米国のアップル、グーグルの親会社、マイクロソフト、テスラなど5社が児童労働で訴えられた。調達先を含む終わりなきESG(環境・社会・ガバナンス)対応が求められる時代が到来している。

 アフリカ・コンゴのコバルト鉱山で児童が劣悪な環境で危険な労働を強いられている問題に加担している──。

 2019年12月中旬、GAFA(グーグル、アマゾン・ドット・コム、フェイスブック、アップル)の一角であるグーグルの親会社のアルファベットとアップルに加え、マイクロソフト、デル、EV(電気自動車)大手のテスラが、児童労働によるケガや死亡に伴う損害賠償を求める集団訴訟を人権団体から起こされた。

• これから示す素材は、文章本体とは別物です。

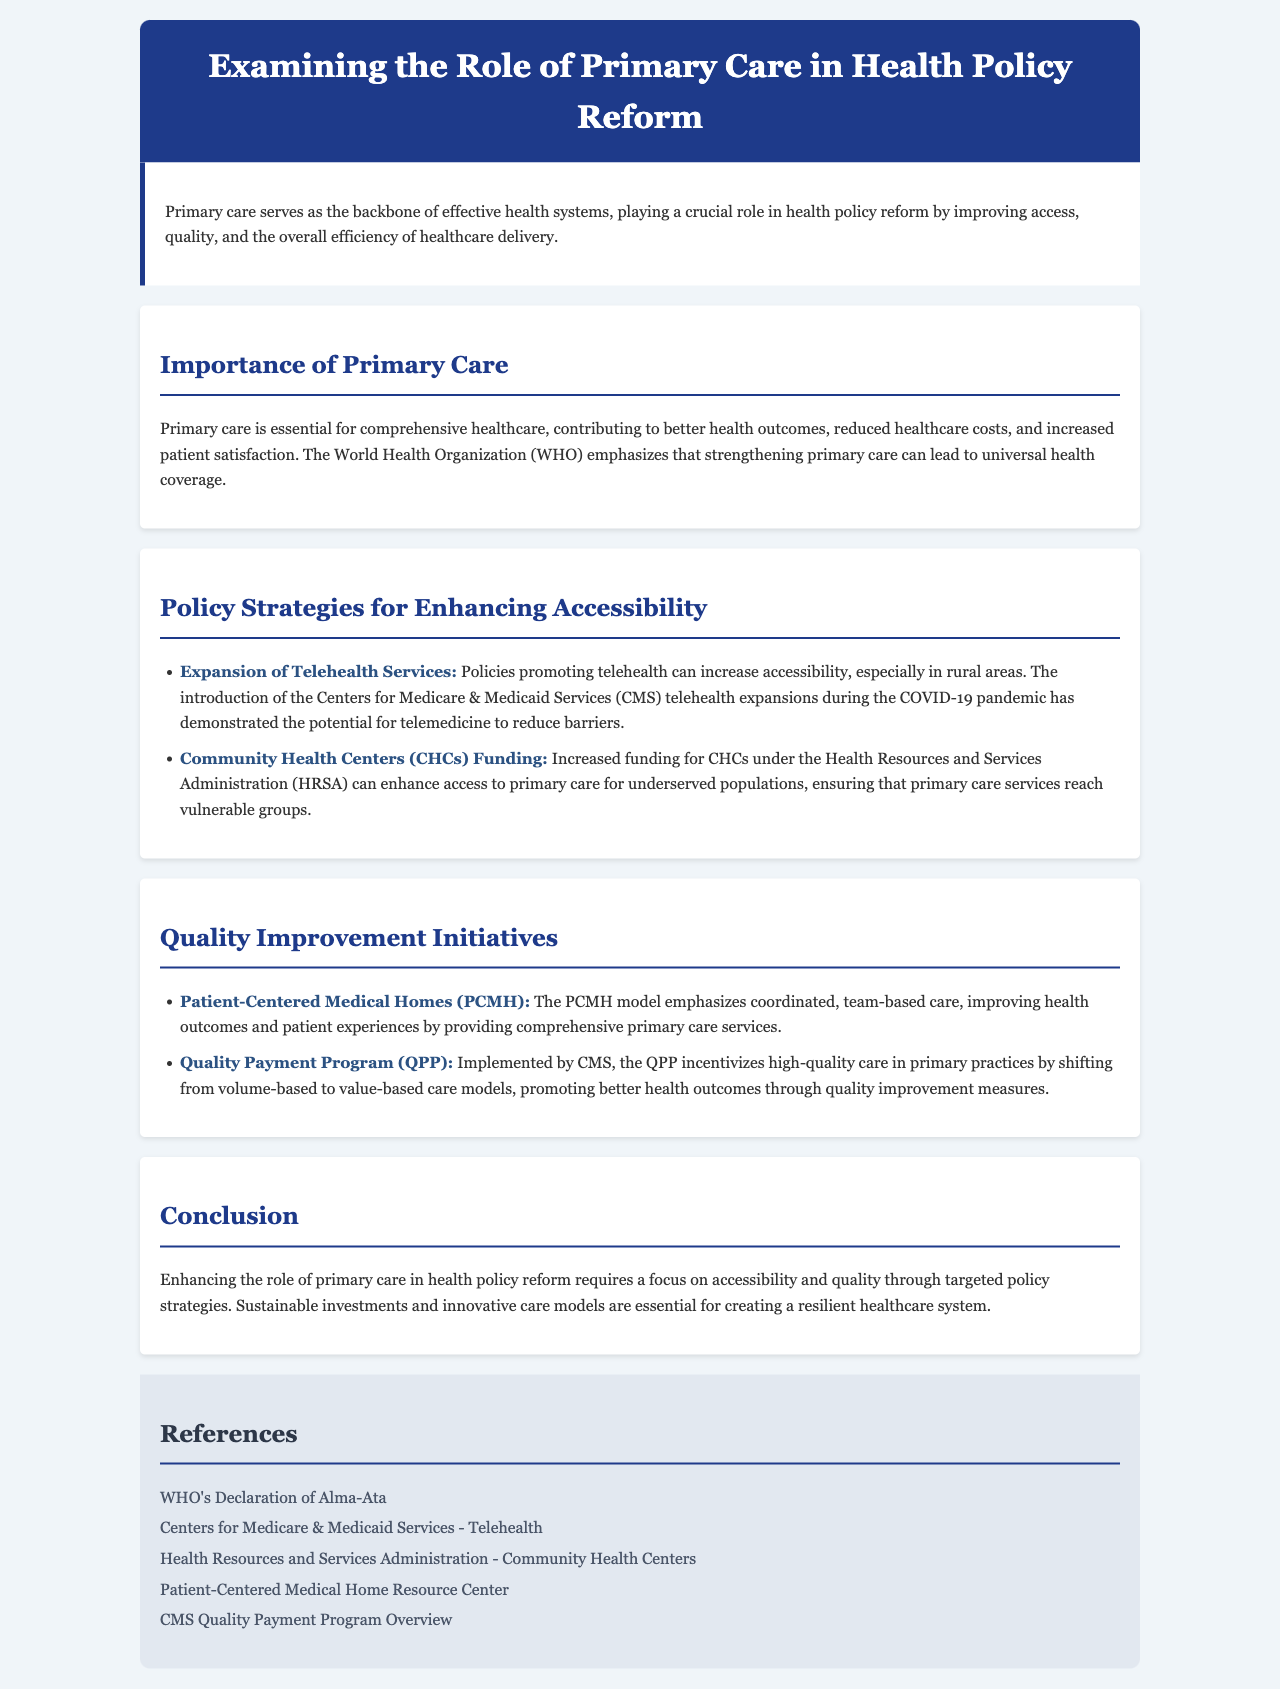What is the main role of primary care in health systems? The introduction states that primary care serves as the backbone of effective health systems, playing a crucial role in health policy reform by improving access, quality, and the overall efficiency of healthcare delivery.
Answer: Backbone of effective health systems What does the WHO emphasize regarding primary care? The document highlights that the World Health Organization (WHO) emphasizes that strengthening primary care can lead to universal health coverage.
Answer: Universal health coverage What is one strategy for enhancing accessibility mentioned in the document? The section on policy strategies lists "Expansion of Telehealth Services" which can increase accessibility, especially in rural areas.
Answer: Expansion of Telehealth Services What model is used to improve health outcomes and patient experiences? The document discusses the "Patient-Centered Medical Homes (PCMH)" model as a way to improve health outcomes and patient experiences.
Answer: Patient-Centered Medical Homes (PCMH) What does the Quality Payment Program (QPP) incentivize in primary practices? The QPP incentivizes high-quality care in primary practices by promoting better health outcomes through quality improvement measures.
Answer: High-quality care

 5社が直接、児童労働させているわけではなく、生産委託先の工場が児童労働をさせているわけでもない。それなのに、なぜ訴えられたのか。

 コバルトは、様々な携帯機器やEVに搭載されるリチウムイオン電池の電極に使われるレアメタルだ。「この電池を搭載するスマートフォンやノートパソコン、EVを販売する5社は、児童労働をさせている鉱山を支援していることになり、責任がある」。訴訟を起こした米人権団体のインターナショナル・ライツ・アドボケイツはこう主張する。

 完成品メーカーの直接的な取引先のさらに先にある源流にまで遡る形で、5社の“使用者責任”が問われているのである。